Major advantage to property funds when compared to direct investment is convenience and liquidity, and additionally, returns from property funds are exempted from personal income tax as well. However, the market capital for property fund in Thailand is approximately 500 million baht while the turnover rate is around 50,000 baht/day or 0.01 percent. In other words, though The Security and Exchange Commission plan to increase the market capital to 1,000 million baht, the market size is still very small.  Consequently, investors may encounter lack of liquidity problem in buying/selling unit of property fund. Nevertheless, according to Dr. Santi Kiranand, Senior Vice President of Group Head Market Development of The Stock Exchange of Thailand, the size does not matter for property fund in providing security and stable income. Investing in property funds should depend on individual investor, and the government should play a crucial role in providing sufficient information as well as educating investor in order to increase awareness and stimulate market demand.

 

 Mr. Therdsak Thaveeteratham, Senior Vice President of Research Division of Asia Plus Securities Public Company Limited said that property fund investment allow for general diversification within an investment portfolio. Investors can reduce their risk exposure by investing in different classification of property funds such as shopping complex, hotel, factory and office building, and they can diversify through location of each property fund as well. Mr. Therdsak also recommends investors to invest in airport property fund since it offers the highest dividend yield of 13.81 percent with a minimum guaranteed return of 6 percent. At present, Thailand has only 1 airport property fund, which is the Samui Airport. Moreover, shopping complex is another attractive investment.
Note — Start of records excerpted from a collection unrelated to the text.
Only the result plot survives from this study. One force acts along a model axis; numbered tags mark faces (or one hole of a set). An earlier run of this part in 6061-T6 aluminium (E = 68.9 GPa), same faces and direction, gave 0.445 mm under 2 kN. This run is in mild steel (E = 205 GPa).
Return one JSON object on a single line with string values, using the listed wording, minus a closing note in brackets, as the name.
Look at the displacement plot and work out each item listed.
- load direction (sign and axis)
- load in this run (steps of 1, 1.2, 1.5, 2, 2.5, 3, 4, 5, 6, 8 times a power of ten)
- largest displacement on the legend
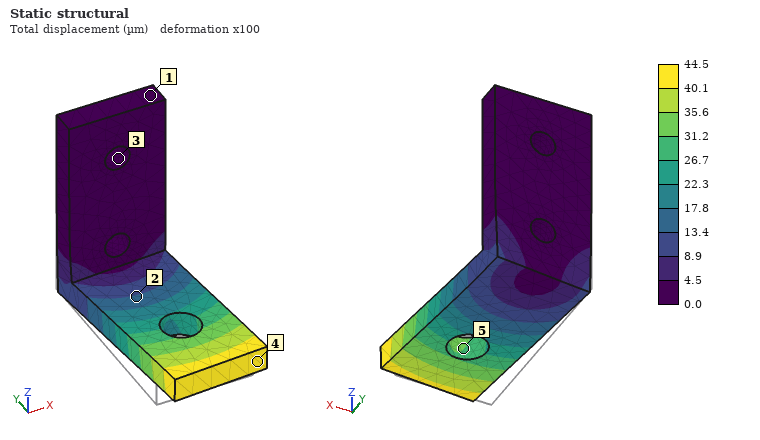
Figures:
{"load direction": "+X", "load in this run": "600 N", "largest displacement on the legend": "44.5 µm"}
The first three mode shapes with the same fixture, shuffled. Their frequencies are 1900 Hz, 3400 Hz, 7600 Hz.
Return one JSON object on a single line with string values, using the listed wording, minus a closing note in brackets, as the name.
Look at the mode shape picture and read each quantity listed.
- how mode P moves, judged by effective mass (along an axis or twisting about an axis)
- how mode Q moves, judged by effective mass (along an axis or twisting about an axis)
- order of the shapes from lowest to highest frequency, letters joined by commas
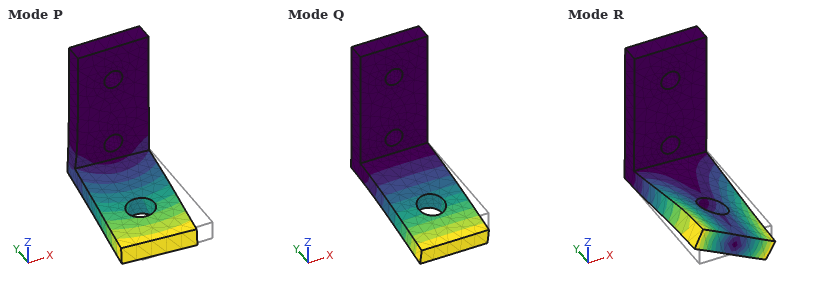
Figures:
{"how mode P moves, judged by effective mass": "along X", "how mode Q moves, judged by effective mass": "along Z", "order of the shapes from lowest to highest frequency, letters joined by commas": "Q, P, R"}
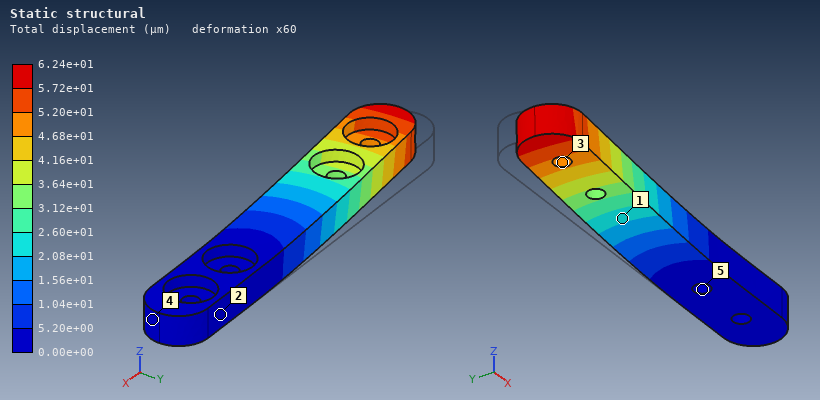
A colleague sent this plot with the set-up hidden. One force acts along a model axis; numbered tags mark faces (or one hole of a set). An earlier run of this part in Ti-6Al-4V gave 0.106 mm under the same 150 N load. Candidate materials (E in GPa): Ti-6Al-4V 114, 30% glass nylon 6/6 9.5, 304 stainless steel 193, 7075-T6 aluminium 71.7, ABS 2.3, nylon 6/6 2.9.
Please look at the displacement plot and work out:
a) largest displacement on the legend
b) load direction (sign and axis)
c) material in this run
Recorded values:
6.24e+01 µm
-Y
304 stainless steel
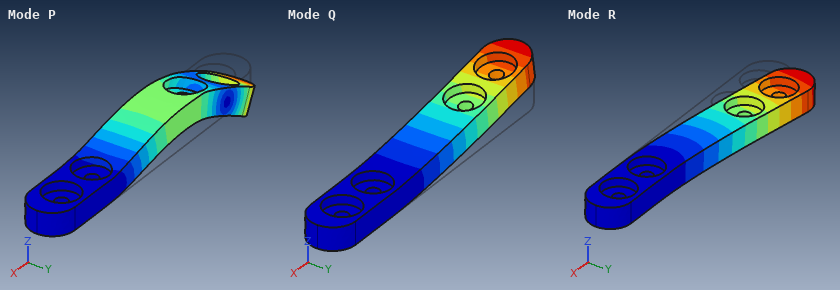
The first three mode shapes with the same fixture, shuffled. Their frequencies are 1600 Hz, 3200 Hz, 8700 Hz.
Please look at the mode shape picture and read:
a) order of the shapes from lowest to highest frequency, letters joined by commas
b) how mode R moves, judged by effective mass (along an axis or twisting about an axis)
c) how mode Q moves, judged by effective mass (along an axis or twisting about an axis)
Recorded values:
Q, R, P
along Y
along Z
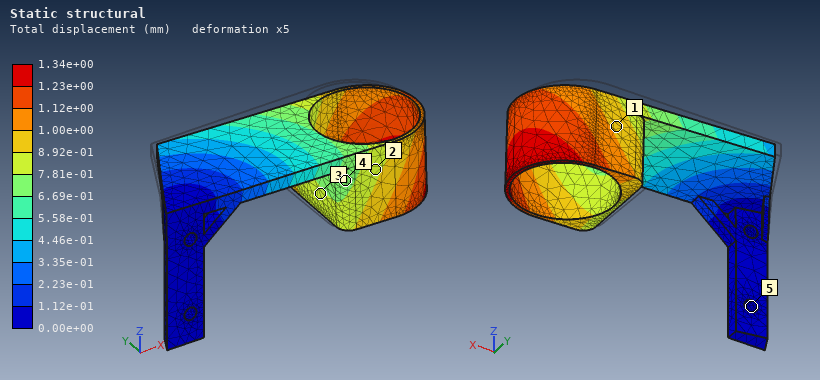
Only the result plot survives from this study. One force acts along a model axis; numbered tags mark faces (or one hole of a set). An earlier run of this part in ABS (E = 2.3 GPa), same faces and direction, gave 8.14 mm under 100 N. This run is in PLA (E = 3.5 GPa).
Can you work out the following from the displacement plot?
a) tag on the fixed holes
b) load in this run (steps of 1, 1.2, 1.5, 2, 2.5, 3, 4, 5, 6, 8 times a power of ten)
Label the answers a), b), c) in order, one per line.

a) 5
b) 25 N
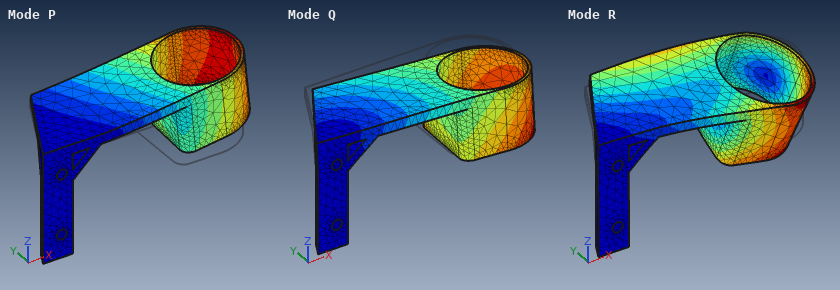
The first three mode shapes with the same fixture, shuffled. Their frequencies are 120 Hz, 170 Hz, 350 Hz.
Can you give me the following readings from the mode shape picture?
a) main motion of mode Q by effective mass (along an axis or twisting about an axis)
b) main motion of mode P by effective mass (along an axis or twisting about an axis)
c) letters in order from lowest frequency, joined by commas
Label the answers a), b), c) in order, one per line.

a) along Y
b) along Z
c) P, Q, R
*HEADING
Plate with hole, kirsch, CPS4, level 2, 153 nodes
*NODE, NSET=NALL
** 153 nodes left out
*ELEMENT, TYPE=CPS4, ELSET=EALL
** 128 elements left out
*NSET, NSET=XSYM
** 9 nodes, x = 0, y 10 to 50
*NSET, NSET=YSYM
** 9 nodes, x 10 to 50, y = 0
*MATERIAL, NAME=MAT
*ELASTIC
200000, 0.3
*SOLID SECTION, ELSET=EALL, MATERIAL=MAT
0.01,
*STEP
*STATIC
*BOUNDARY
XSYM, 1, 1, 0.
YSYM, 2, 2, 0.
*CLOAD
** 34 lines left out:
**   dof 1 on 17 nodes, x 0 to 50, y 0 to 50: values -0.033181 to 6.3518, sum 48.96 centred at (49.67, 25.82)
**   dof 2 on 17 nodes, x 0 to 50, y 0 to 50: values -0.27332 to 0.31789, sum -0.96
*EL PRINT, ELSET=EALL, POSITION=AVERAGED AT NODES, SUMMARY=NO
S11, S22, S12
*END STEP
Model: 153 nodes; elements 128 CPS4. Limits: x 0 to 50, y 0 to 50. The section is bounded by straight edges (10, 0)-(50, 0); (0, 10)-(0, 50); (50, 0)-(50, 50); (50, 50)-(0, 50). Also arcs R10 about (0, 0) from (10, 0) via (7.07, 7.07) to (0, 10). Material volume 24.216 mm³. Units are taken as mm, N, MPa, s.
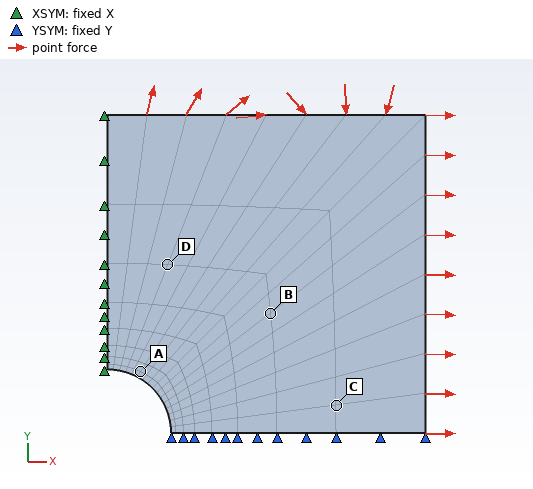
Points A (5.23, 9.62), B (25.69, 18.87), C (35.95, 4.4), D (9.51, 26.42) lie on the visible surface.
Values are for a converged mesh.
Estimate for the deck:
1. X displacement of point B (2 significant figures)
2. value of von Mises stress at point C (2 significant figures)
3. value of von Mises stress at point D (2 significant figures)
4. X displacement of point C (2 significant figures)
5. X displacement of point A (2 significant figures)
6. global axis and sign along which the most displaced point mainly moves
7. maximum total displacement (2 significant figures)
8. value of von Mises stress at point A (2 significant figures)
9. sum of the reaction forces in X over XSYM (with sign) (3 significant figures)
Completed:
0.015 mm
80 MPa
110 MPa
0.021 mm
0.0065 mm
+X
0.028 mm
170 MPa
-49.0 N
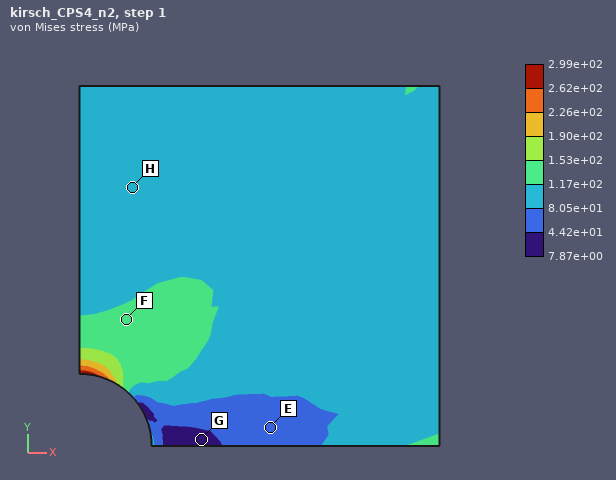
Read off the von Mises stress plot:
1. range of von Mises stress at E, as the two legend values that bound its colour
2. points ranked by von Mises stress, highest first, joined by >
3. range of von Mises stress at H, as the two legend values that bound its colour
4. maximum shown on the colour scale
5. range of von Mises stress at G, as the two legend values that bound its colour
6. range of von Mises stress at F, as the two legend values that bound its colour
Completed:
4.42e+01 to 8.05e+01 MPa
F > H > E > G
8.05e+01 to 1.17e+02 MPa
2.99e+02 MPa
7.87e+00 to 4.42e+01 MPa
1.17e+02 to 1.53e+02 MPa
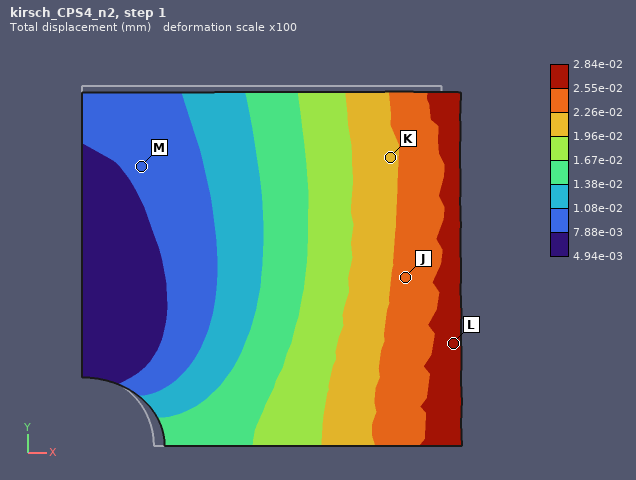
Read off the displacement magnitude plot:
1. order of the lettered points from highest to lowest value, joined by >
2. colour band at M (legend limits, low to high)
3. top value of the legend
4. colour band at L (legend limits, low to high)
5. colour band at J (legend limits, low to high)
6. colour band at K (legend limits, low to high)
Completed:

Although the economic is in a recession, individual still need to spend on consumption.  This type of fund provides approximately 11.4percent and investors normally hold investment in long term leasehold with three-year contracts.

 

For all the above reason, property funds are interesting investment opportunity.  Yet, investors should have clear objective of why they are investing. If the investors aim at speculation or wealth accumulation in short term, investing in stocks such as property stocks will be more suitable. Or if the investors have objective in capital preservation, then investing in government bond or bank deposit will be more appropriate. However, property fund will only be apposite when investors intend to diversify their investment portfolio and build long term secure income. Thus, investors must keep in mind that property fund is a buy and hold investment.